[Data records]
----

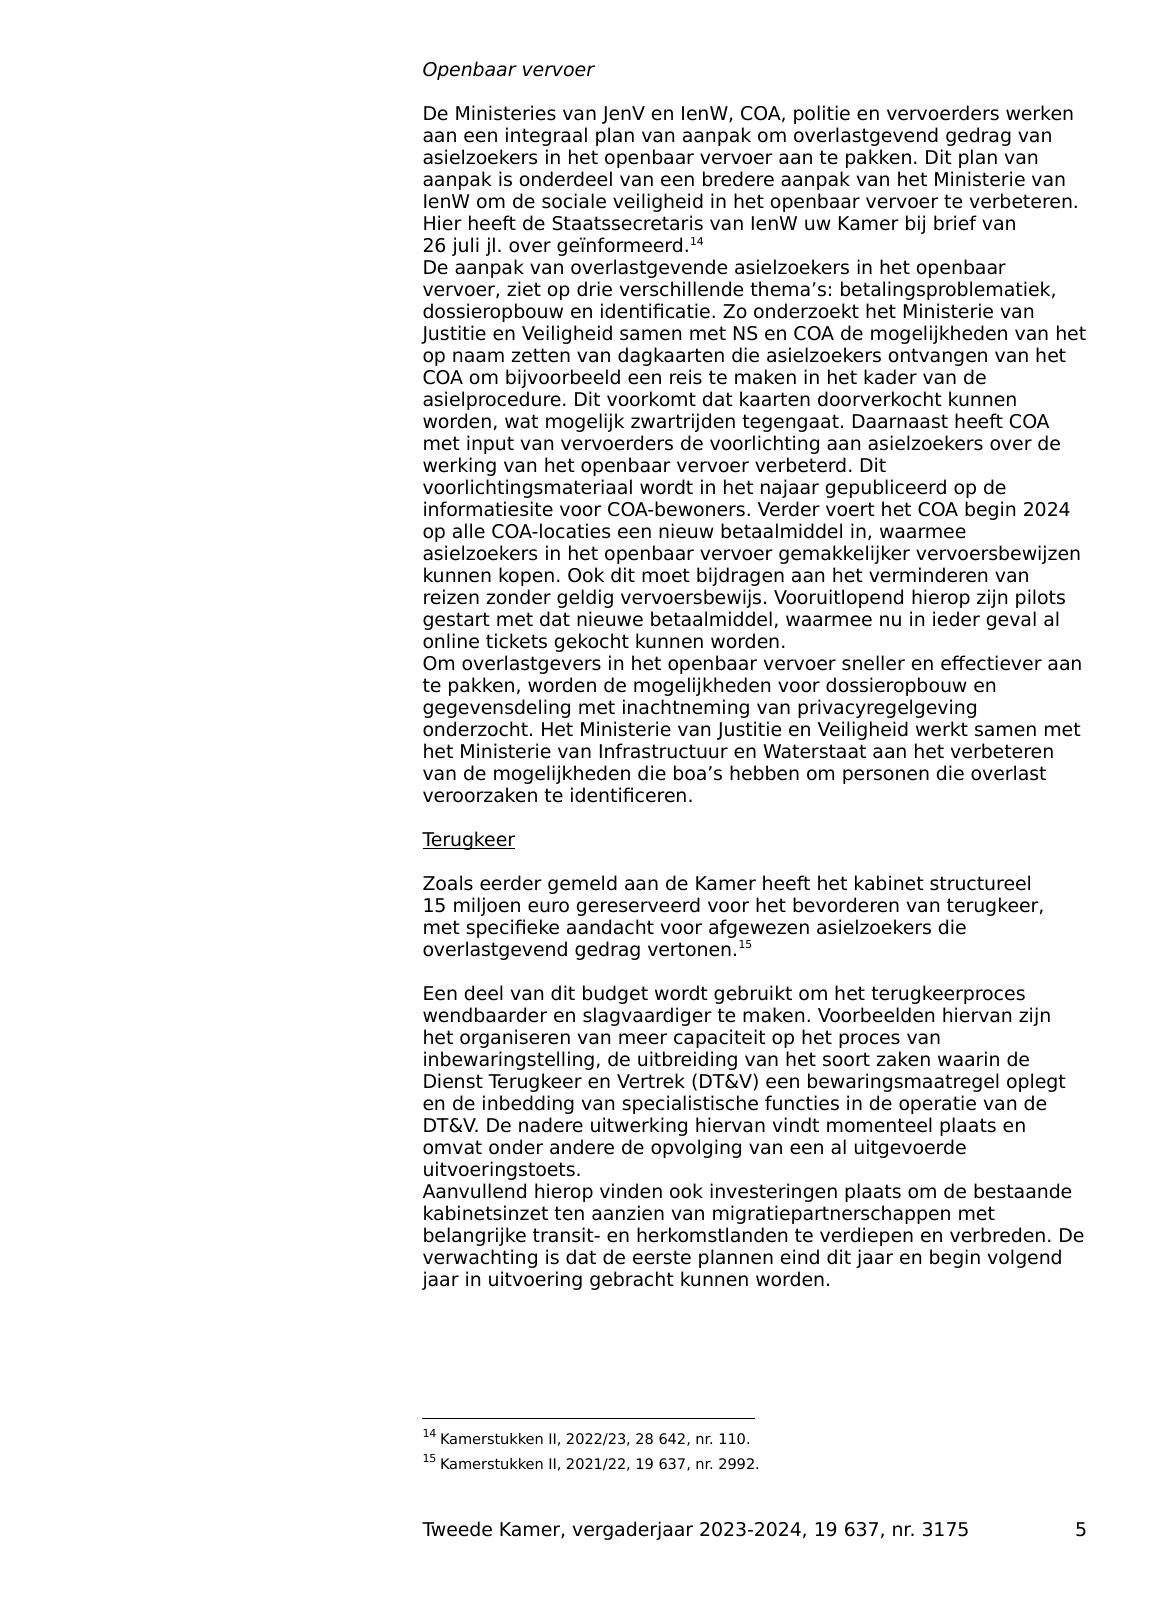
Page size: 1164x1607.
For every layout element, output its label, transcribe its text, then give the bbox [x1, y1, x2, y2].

text Een deel van dit budget wordt gebruikt om het terugkeerproces wendbaarder en slagvaardiger te maken. Voorbeelden hiervan zijn het organiseren van meer capaciteit op het proces van inbewaringstelling, de uitbreiding van het soort zaken waarin de Dienst Terugkeer en Vertrek (DT&V) een bewaringsmaatregel oplegt en de inbedding van specialistische functies in de operatie van de DT&V. De nadere uitwerking hiervan vindt momenteel plaats en omvat onder andere de opvolging van een al uitgevoerde uitvoeringstoets. [422, 983, 1087, 1181]
text Kamerstukken II, 2022/23, 28 642, nr. 110. [422, 1427, 1087, 1449]
text Aanvullend hierop vinden ook investeringen plaats om de bestaande kabinetsinzet ten aanzien van migratiepartnerschappen met belangrijke transit- en herkomstlanden te verdiepen en verbreden. De verwachting is dat de eerste plannen eind dit jaar en begin volgend jaar in uitvoering gebracht kunnen worden. [422, 1181, 1087, 1291]
text Om overlastgevers in het openbaar vervoer sneller en effectiever aan te pakken, worden de mogelijkheden voor dossieropbouw en gegevensdeling met inachtneming van privacyregelgeving onderzocht. Het Ministerie van Justitie en Veiligheid werkt samen met het Ministerie van Infrastructuur en Waterstaat aan het verbeteren van de mogelijkheden die boa’s hebben om personen die overlast veroorzaken te identificeren. [422, 653, 1087, 807]
text Zoals eerder gemeld aan de Kamer heeft het kabinet structureel 15 miljoen euro gereserveerd voor het bevorderen van terugkeer, met specifieke aandacht voor afgewezen asielzoekers die overlastgevend gedrag vertonen. [422, 873, 1087, 961]
text Kamerstukken II, 2021/22, 19 637, nr. 2992. [422, 1452, 1087, 1474]
text De Ministeries van JenV en IenW, COA, politie en vervoerders werken aan een integraal plan van aanpak om overlastgevend gedrag van asielzoekers in het openbaar vervoer aan te pakken. Dit plan van aanpak is onderdeel van een bredere aanpak van het Ministerie van IenW om de sociale veiligheid in het openbaar vervoer te verbeteren. Hier heeft de Staatssecretaris van IenW uw Kamer bij brief van 26 juli jl. over geïnformeerd. [422, 103, 1087, 257]
subtitle Openbaar vervoer [422, 59, 1087, 81]
subtitle Terugkeer [422, 829, 1087, 851]
text De aanpak van overlastgevende asielzoekers in het openbaar vervoer, ziet op drie verschillende thema’s: betalingsproblematiek, dossieropbouw en identificatie. Zo onderzoekt het Ministerie van Justitie en Veiligheid samen met NS en COA de mogelijkheden van het op naam zetten van dagkaarten die asielzoekers ontvangen van het COA om bijvoorbeeld een reis te maken in het kader van de asielprocedure. Dit voorkomt dat kaarten doorverkocht kunnen worden, wat mogelijk zwartrijden tegengaat. Daarnaast heeft COA met input van vervoerders de voorlichting aan asielzoekers over de werking van het openbaar vervoer verbeterd. Dit voorlichtingsmateriaal wordt in het najaar gepubliceerd op de informatiesite voor COA-bewoners. Verder voert het COA begin 2024 op alle COA-locaties een nieuw betaalmiddel in, waarmee asielzoekers in het openbaar vervoer gemakkelijker vervoersbewijzen kunnen kopen. Ook dit moet bijdragen aan het verminderen van reizen zonder geldig vervoersbewijs. Vooruitlopend hierop zijn pilots gestart met dat nieuwe betaalmiddel, waarmee nu in ieder geval al online tickets gekocht kunnen worden. [422, 257, 1087, 653]
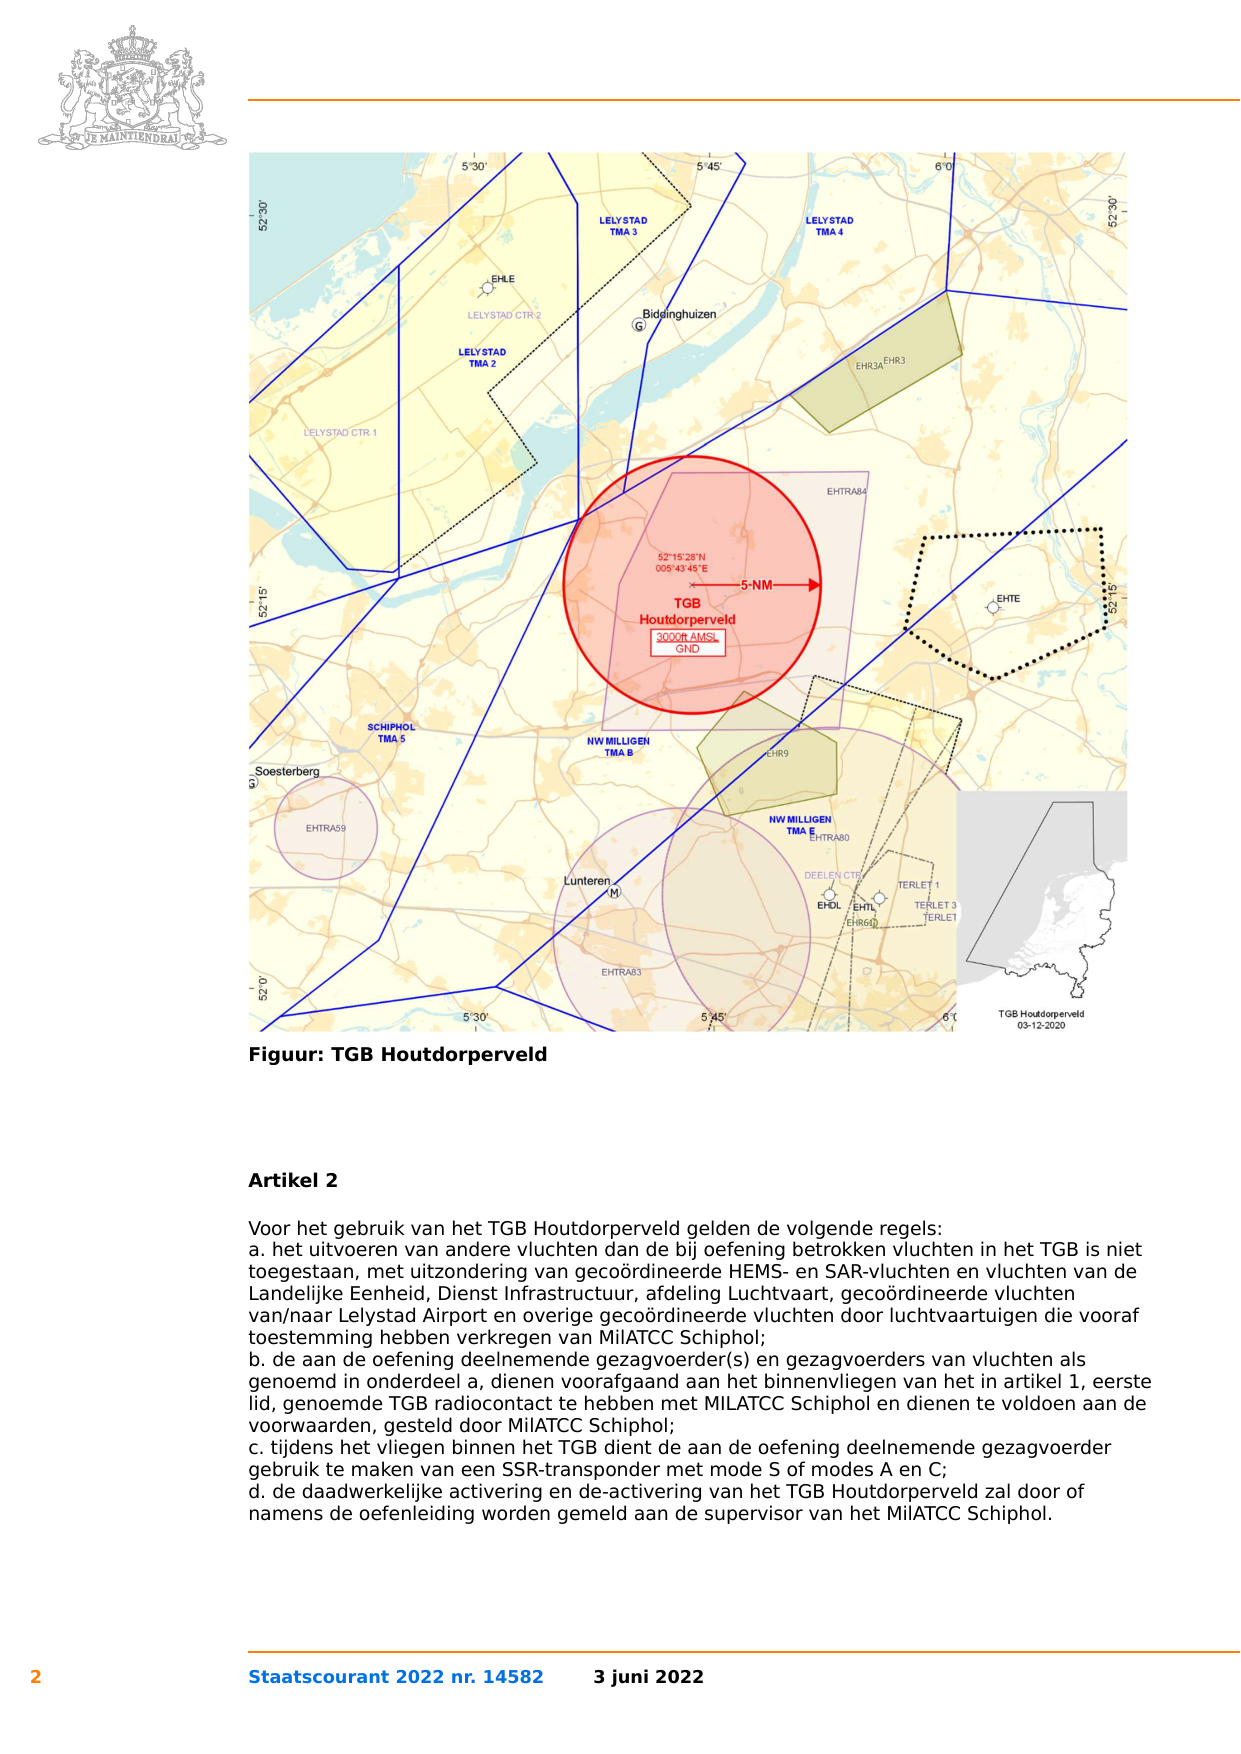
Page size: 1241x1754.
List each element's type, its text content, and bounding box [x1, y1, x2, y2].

text Figuur: TGB Houtdorperveld [248, 1043, 1128, 1065]
picture [38, 25, 227, 150]
subtitle Artikel 2 [248, 1170, 1163, 1192]
text c. tijdens het vliegen binnen het TGB dient de aan de oefening deelnemende gezagvoerder gebruik te maken van een SSR-transponder met mode S of modes A en C; [248, 1437, 1163, 1481]
text b. de aan de oefening deelnemende gezagvoerder(s) en gezagvoerders van vluchten als genoemd in onderdeel a, dienen voorafgaand aan het binnenvliegen van het in artikel 1, eerste lid, genoemde TGB radiocontact te hebben met MILATCC Schiphol en dienen te voldoen aan de voorwaarden, gesteld door MilATCC Schiphol; [248, 1349, 1163, 1437]
text a. het uitvoeren van andere vluchten dan de bij oefening betrokken vluchten in het TGB is niet toegestaan, met uitzondering van gecoördineerde HEMS- en SAR-vluchten en vluchten van de Landelijke Eenheid, Dienst Infrastructuur, afdeling Luchtvaart, gecoördineerde vluchten van/naar Lelystad Airport en overige gecoördineerde vluchten door luchtvaartuigen die vooraf toestemming hebben verkregen van MilATCC Schiphol; [248, 1239, 1163, 1349]
text Voor het gebruik van het TGB Houtdorperveld gelden de volgende regels: [248, 1217, 1163, 1239]
text d. de daadwerkelijke activering en de-activering van het TGB Houtdorperveld zal door of namens de oefenleiding worden gemeld aan de supervisor van het MilATCC Schiphol. [248, 1481, 1163, 1525]
picture [248, 151, 1128, 1032]

----

▶ PROBLEM DESCRIPTION
The reply must be a number and nothing more: the count of lines above that contain the word "picture".

▶ EXERCISE OUTPUT
2